逆に、自分にとってオーバースペックなDS224+を買ってしまい、ただのバックアップにしか使っていないというケースもあります。しかし、この場合は「動作が速くて快適」というメリットは享受し続けられるため、実害は「初期投資が少し高かった」ことだけです。
迷った時のアドバイスとしては、「少しでもNASで色々遊んでみたい」「家族みんなでサクサク使いたい」という気持ちが1%でもあるなら、頑張ってDS224+を選ぶことをおすすめします。その快適さは、数年後に振り返ったとき、間違いなく差額以上の価値を感じさせてくれるはずです。
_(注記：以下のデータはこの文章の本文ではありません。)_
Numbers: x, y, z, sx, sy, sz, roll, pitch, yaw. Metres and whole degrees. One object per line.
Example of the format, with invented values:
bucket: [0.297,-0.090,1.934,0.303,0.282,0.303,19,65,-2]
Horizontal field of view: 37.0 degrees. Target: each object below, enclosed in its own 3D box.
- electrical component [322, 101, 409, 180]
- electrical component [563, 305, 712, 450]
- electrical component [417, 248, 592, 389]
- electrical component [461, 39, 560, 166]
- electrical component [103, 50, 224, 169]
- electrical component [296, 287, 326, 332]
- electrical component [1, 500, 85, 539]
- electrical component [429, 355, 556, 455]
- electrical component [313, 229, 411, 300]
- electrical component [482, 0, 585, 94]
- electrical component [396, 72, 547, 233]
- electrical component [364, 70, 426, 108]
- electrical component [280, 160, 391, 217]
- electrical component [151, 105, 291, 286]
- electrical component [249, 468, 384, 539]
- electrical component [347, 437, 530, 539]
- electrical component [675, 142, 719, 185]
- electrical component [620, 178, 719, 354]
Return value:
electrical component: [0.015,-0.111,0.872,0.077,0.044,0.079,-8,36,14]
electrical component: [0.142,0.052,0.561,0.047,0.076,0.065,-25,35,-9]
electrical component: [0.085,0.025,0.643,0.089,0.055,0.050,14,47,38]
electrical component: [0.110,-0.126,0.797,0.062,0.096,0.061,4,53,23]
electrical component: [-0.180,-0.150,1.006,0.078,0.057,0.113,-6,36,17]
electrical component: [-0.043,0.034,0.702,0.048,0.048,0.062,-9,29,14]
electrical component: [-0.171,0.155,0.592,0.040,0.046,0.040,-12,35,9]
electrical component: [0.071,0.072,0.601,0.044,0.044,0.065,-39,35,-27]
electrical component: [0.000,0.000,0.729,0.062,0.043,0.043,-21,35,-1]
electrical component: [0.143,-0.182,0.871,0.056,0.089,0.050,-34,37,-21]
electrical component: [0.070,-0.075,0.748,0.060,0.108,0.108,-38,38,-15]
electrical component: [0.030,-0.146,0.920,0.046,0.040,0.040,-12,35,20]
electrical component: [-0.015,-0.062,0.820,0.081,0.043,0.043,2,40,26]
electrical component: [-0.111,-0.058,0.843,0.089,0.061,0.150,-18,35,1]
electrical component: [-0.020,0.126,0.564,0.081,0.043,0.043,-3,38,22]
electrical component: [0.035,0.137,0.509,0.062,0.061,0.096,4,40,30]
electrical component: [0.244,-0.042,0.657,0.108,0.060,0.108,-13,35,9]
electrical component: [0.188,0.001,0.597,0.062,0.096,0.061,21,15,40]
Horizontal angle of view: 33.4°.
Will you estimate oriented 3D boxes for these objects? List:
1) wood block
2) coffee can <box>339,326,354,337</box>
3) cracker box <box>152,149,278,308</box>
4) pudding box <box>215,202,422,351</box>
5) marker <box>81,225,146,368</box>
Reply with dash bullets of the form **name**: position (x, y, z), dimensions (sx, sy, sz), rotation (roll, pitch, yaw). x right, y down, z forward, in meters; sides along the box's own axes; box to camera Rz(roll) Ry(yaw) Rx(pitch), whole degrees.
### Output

まとめ:Synology DS223jとDS224+の違いを理解して最適な1台を
SynologyのDS223jとDS224+は、どちらも非常に完成度の高いNASですが、その性格は大きく異なります。最後に、それぞれのモデルがどのような人に向いているのかを簡潔にまとめます。
DS223jがおすすめな人
・初めてのNASで、まずは予算を抑えて導入したい
・スマホやPCのバックアップ、ファイル共有ができれば十分
・同時にアクセスするのは自分や家族など、少人数に限られる
・白を基調としたインテリアに馴染むデザインが好み
DS224+がおすすめな人
・管理画面の操作やアプリの起動など、サクサクとした快適さを重視する
・「スナップショット」による最強のデータ保護機能を手に入れたい
・メモリを増設して、Dockerや仮想マシンなど高度な機能を使い倒したい
・仕事のデータや大量の動画など、負荷の高い作業を想定している
DS223jは「シンプルで手軽な保存場所」を求める方に最適なエントリー機であり、DS224+は「可能性が無限に広がる万能サーバー」を求める方にふさわしい上位機です。自分のライフスタイルやデータの重要度、そして「どこまでNASを使いこなしたいか」を基準に選べば、後悔のない買い物ができます。
大切なデータをどこに預けるかは、デジタルライフの質を左右する大きな決断です。この記事が、あなたにとって最高のNAS選びの参考になれば幸いです。